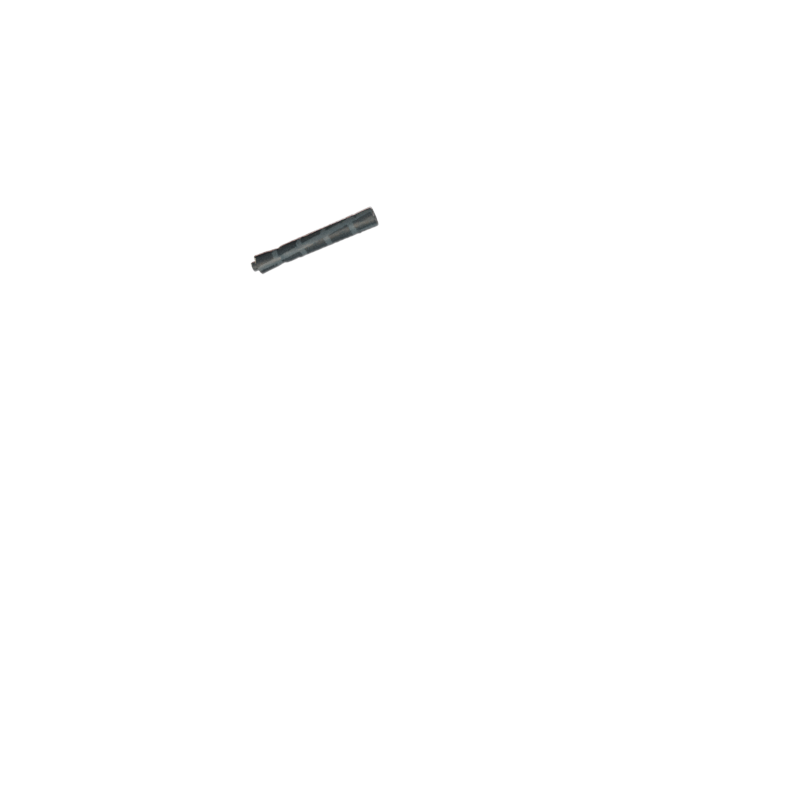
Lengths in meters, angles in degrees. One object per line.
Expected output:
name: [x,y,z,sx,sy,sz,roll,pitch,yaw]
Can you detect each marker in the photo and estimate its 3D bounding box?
marker: [-0.078,-0.143,1.000,0.121,0.020,0.020,-22,1,8]
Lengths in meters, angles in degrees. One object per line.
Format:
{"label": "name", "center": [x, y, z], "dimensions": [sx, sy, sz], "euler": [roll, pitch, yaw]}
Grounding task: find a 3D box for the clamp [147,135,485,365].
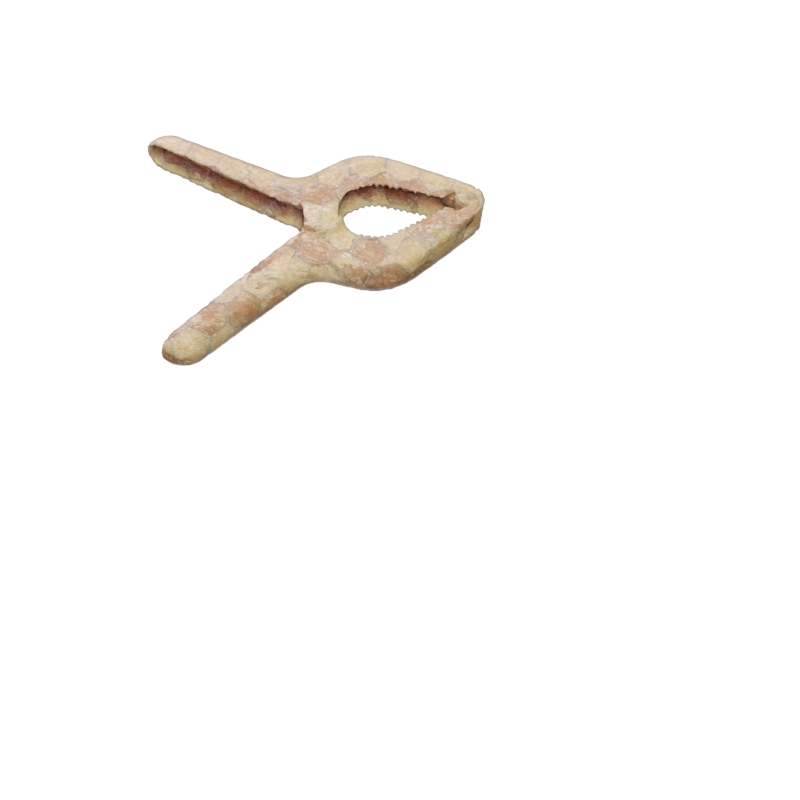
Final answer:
{"label": "clamp", "center": [-0.053, -0.096, 0.672], "dimensions": [0.210, 0.176, 0.034], "euler": [-2, -32, -1]}

Activity: Scan the listing above and copy all lines containing the word "name".

Result for this task:
name: [x,y,z,sx,sy,sz,roll,pitch,yaw]
{"label": "name", "center": [x, y, z], "dimensions": [sx, sy, sz], "euler": [roll, pitch, yaw]}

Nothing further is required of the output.